I hold distinguished masters degrees in Physics, as well as Computer Science (both University of Oxford), during the latter of which I proved an open incompleteness theorem in categorical quantum mechanics (the completed ZX-calculus is now a mainstream tool in quantum computing).
In 2022, I was selected as a “30 under 35 rising strategist (Europe)” by Schmidt Futures International Strategy Forum and the European Council on Foreign Relations. I also received a Best Idea award from the CCAI community in 2019 for work on solar geoengineering and deep multi-agent learning.
Supervision
Please contact me if you are interested in working with me. I supervise undergraduate projects, master’s theses, and co-supervise Ph.D. projects in a wide range of topics in both deep multi-agent learning, and information security.

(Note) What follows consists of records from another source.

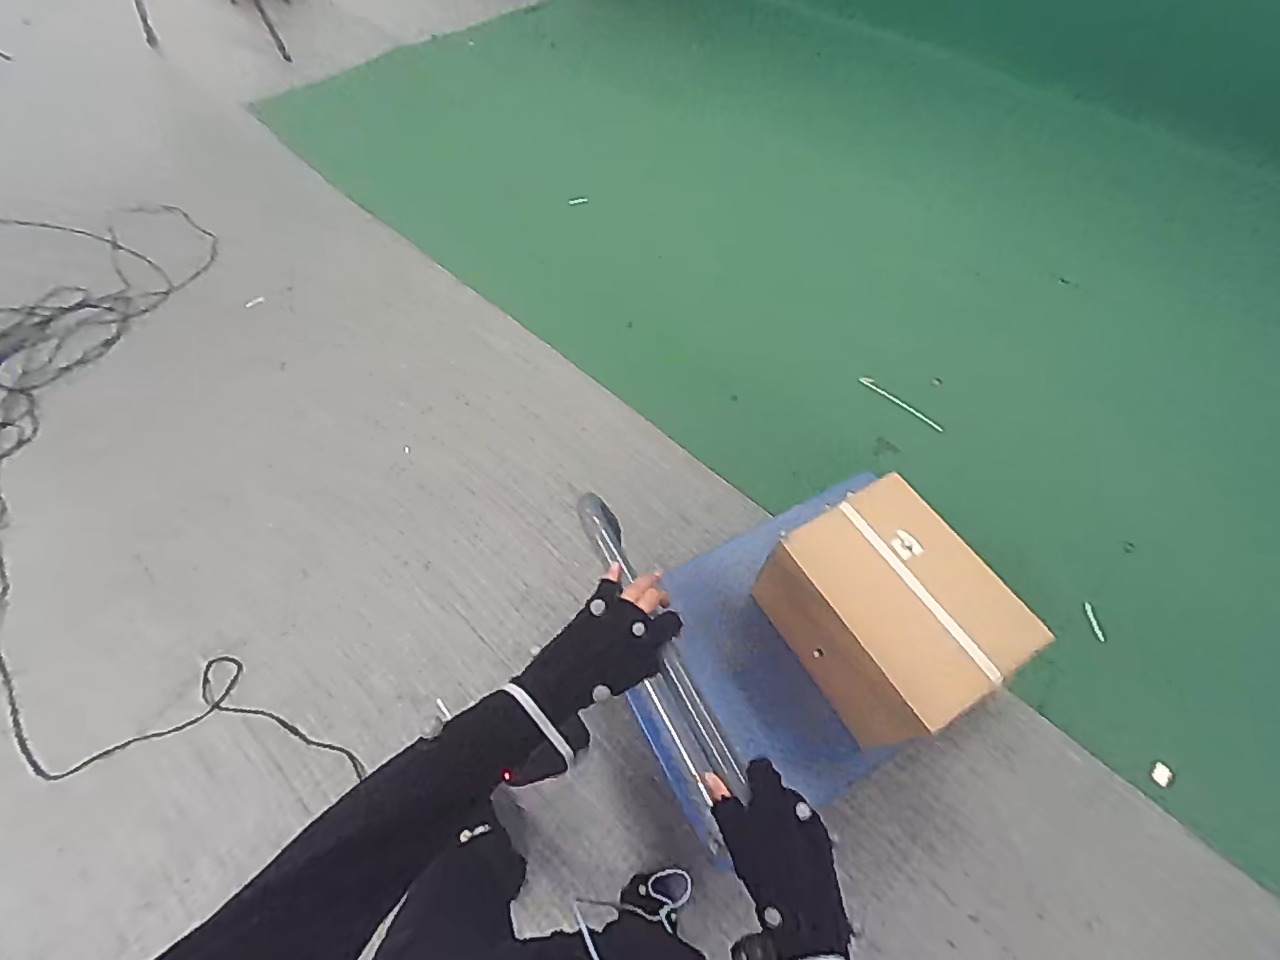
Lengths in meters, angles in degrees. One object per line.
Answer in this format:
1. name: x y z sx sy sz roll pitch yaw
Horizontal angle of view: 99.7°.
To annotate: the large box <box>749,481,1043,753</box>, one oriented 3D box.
1. large box: 0.488 0.288 1.132 0.320 0.320 0.408 -26 62 -16
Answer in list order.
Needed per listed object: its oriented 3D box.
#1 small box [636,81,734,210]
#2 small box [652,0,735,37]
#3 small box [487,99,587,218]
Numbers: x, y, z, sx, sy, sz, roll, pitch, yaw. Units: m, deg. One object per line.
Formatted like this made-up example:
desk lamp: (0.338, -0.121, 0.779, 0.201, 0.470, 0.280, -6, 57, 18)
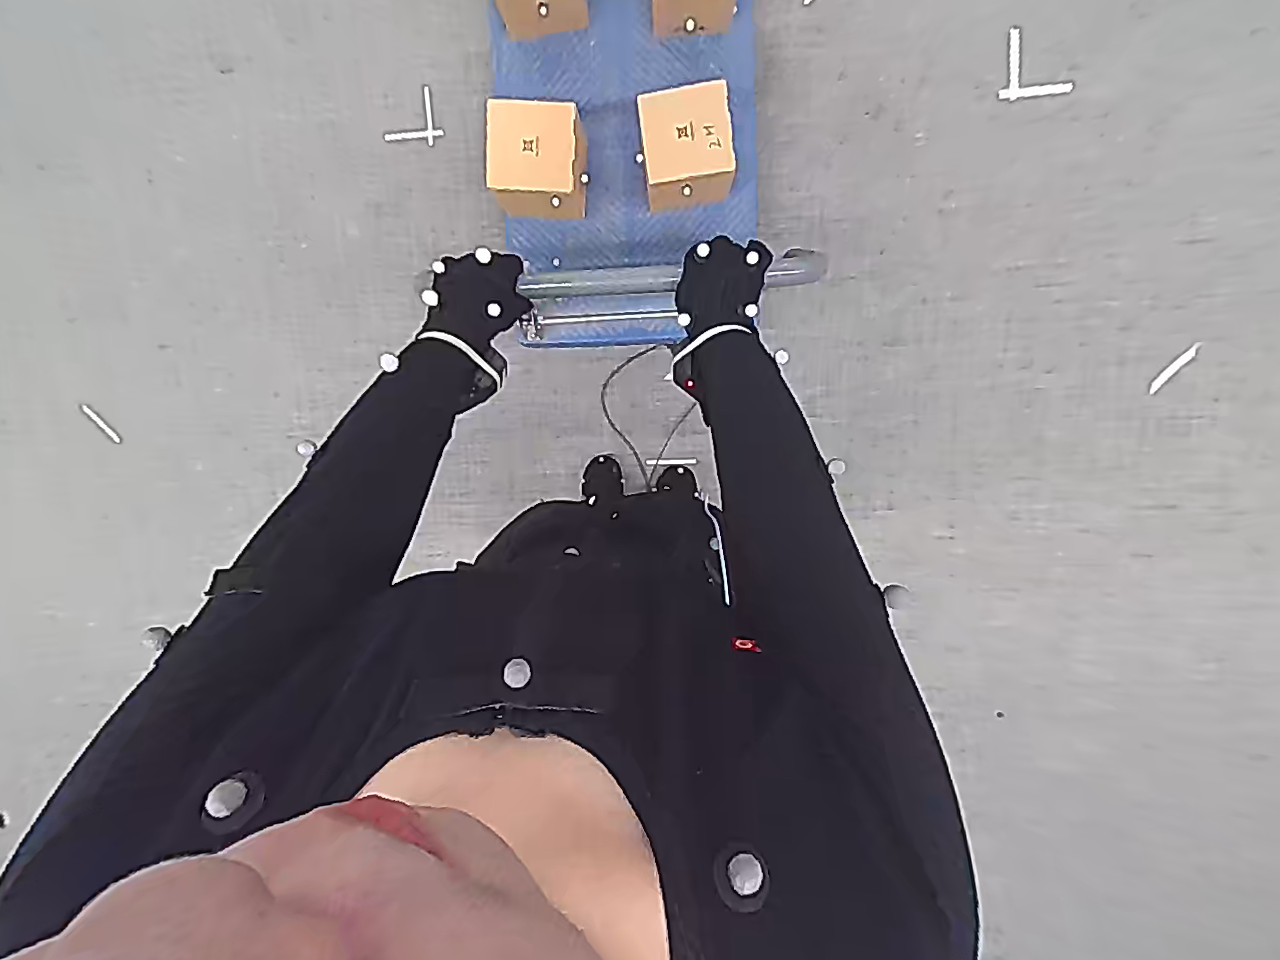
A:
small box: (0.094, -0.688, 1.133, 0.179, 0.176, 0.168, -8, 98, 4)
small box: (0.106, -1.039, 1.082, 0.168, 0.176, 0.179, -2, 99, 3)
small box: (-0.213, -0.672, 1.148, 0.179, 0.176, 0.168, 3, 98, 0)
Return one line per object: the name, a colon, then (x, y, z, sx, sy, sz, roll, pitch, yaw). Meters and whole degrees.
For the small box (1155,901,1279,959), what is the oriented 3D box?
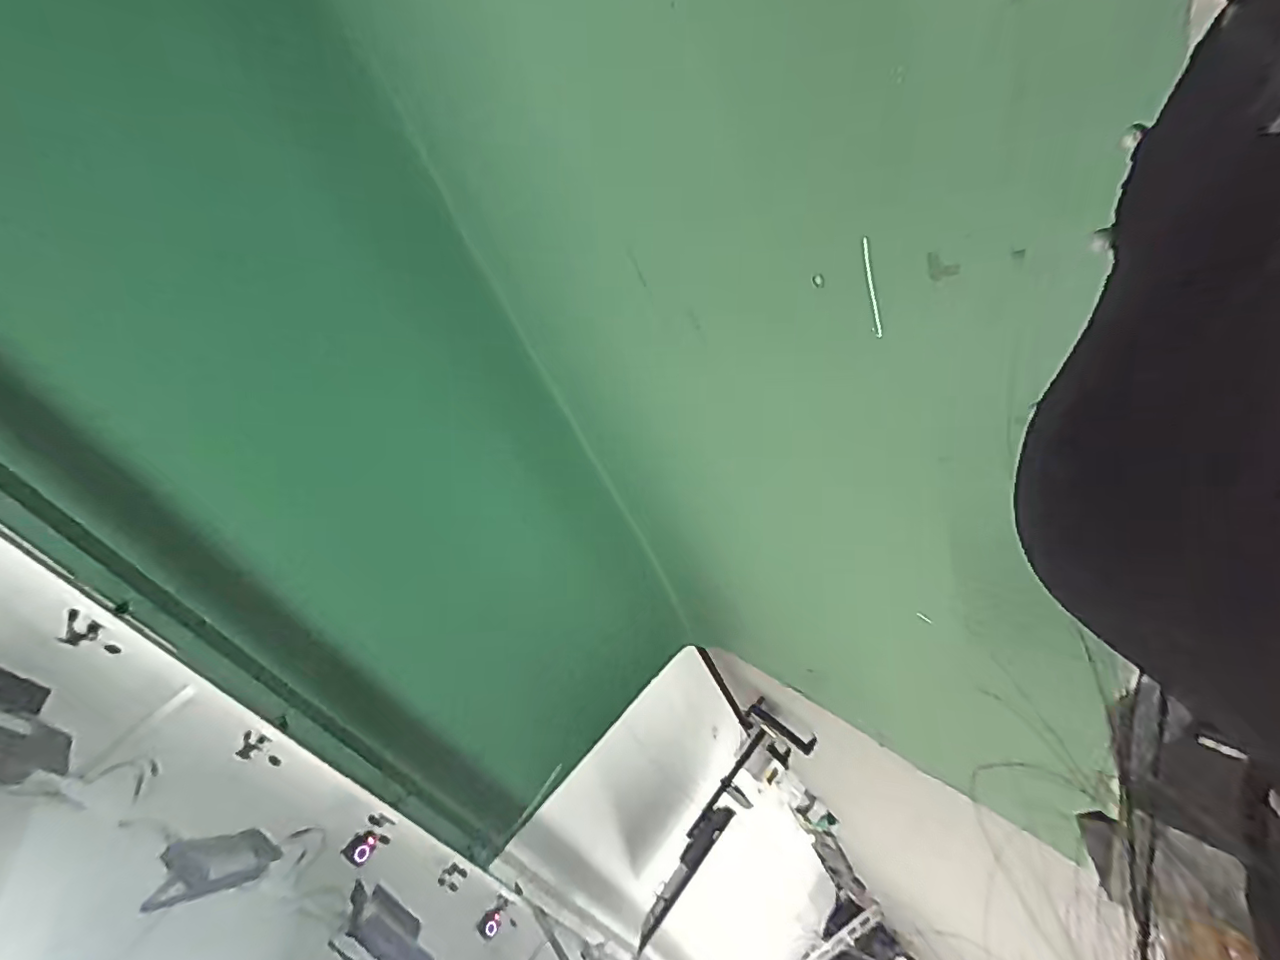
small box: (1.289, 1.107, 1.214, 0.168, 0.176, 0.179, 20, 144, 47)

Some of my students and mentees include:
- Linas Nasvytis (MSc Statistics student, now Research Fellow at Harvard University (Psychology and ML))
- Yat Long Lo (MSc Computer Science student - winner of Tony Hoare Prize for best MSc Thesis in Computer Science, now Dyson Robot Learning Lab)
- Khaulat Abdulhakeem (mentee, now MS Education Data Science at Stanford University)
- Eshaan Agrawal (mentee and collaborator, now ORISE Fellow at the Department of Energy)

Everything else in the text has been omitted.